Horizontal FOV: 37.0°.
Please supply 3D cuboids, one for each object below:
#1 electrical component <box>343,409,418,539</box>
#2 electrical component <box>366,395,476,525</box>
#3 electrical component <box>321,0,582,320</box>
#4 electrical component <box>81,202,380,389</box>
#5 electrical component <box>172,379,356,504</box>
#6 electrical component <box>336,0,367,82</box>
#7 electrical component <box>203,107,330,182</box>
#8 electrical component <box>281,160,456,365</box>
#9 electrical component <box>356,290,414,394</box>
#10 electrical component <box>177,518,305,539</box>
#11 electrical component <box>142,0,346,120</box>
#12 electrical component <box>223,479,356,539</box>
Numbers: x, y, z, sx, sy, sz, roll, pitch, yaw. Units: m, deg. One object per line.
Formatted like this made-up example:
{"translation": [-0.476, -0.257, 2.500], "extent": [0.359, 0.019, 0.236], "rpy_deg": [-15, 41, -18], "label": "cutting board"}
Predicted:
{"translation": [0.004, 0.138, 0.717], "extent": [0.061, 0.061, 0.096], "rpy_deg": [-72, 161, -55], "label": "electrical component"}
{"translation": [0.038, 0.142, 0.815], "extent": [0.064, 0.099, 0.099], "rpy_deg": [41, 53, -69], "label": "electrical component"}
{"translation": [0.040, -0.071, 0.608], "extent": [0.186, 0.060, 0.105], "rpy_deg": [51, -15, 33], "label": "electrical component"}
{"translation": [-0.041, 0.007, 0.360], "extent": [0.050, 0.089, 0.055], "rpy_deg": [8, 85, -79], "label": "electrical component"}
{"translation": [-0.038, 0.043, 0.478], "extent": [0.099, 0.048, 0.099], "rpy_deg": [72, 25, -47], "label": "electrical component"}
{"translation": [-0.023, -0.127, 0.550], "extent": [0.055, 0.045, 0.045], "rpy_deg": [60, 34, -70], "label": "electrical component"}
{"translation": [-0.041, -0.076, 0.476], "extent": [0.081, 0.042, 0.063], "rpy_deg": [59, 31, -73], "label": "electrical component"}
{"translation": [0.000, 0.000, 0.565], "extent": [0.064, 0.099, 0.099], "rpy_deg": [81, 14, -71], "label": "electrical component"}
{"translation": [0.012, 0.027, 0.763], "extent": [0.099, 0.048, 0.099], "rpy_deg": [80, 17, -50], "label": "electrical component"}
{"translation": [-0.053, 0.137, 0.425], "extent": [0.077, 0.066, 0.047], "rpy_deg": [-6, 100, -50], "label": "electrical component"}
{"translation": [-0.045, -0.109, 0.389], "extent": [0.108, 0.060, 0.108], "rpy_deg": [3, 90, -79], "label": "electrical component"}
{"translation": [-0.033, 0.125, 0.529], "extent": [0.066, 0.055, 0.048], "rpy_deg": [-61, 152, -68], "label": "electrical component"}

...

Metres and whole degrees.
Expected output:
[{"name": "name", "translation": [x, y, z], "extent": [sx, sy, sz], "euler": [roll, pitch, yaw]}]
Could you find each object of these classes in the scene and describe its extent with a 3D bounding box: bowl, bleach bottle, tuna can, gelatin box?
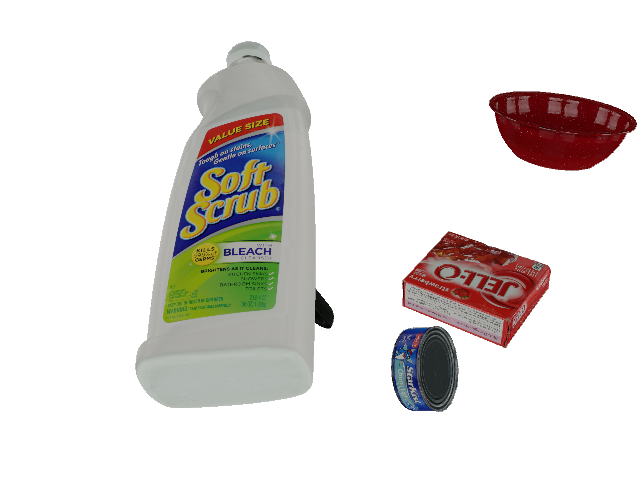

* * *

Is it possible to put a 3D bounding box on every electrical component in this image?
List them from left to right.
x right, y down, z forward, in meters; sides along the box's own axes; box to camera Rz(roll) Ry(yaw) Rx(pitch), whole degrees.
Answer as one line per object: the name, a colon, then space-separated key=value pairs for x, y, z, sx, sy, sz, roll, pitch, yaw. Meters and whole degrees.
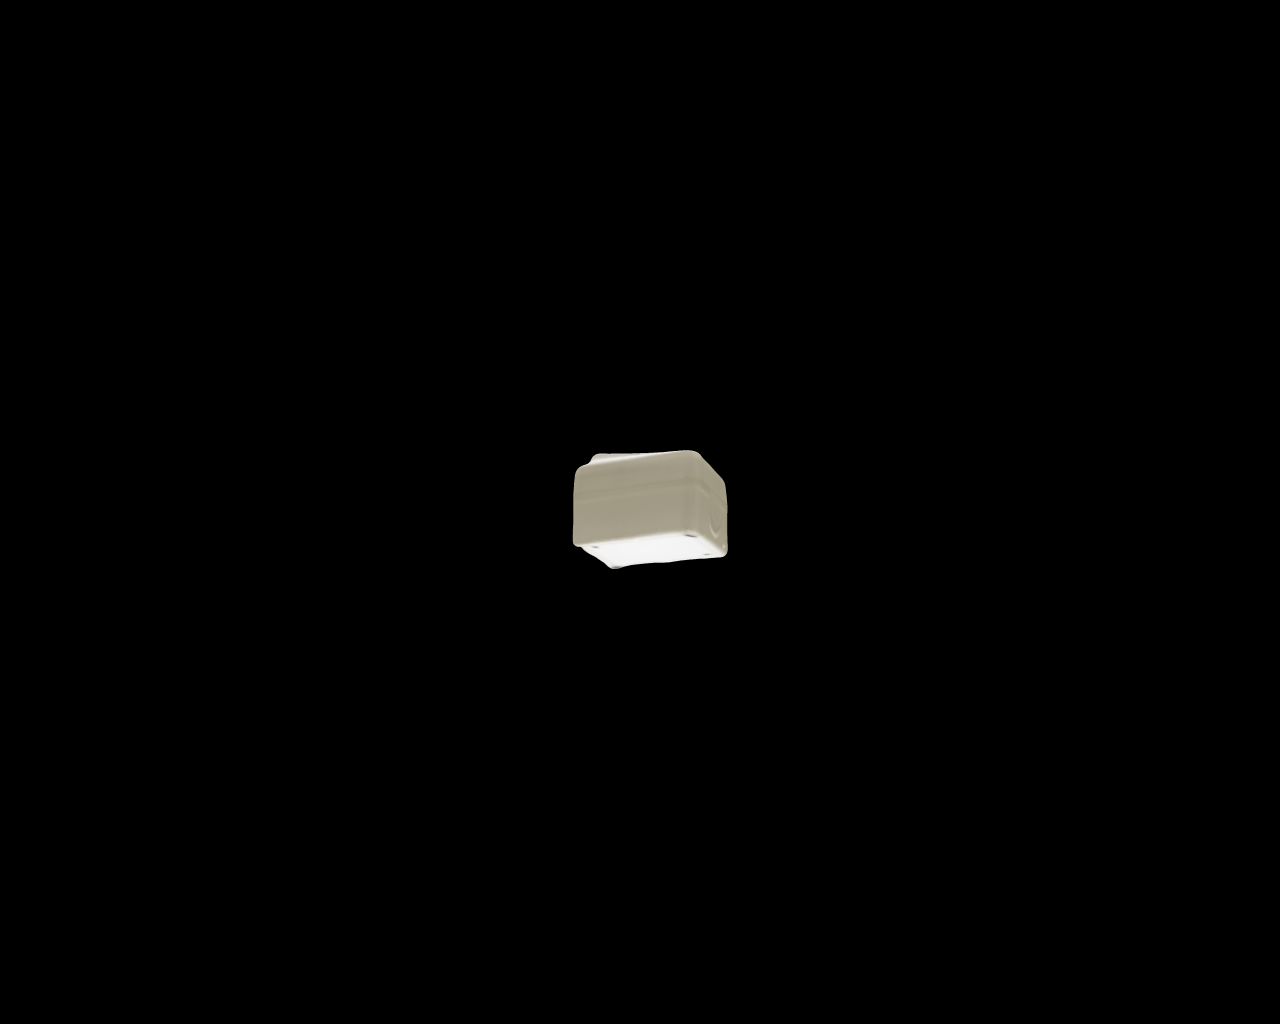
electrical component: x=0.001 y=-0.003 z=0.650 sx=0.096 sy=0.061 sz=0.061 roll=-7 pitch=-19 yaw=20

▶ **Assignment**
Wherever the word "this" occurs in the data above, copy the line it sits in.

▶ **Task result**
Formatted like this made-up example:
Is it possible to put a 3D bounding box on every electrical component in this image?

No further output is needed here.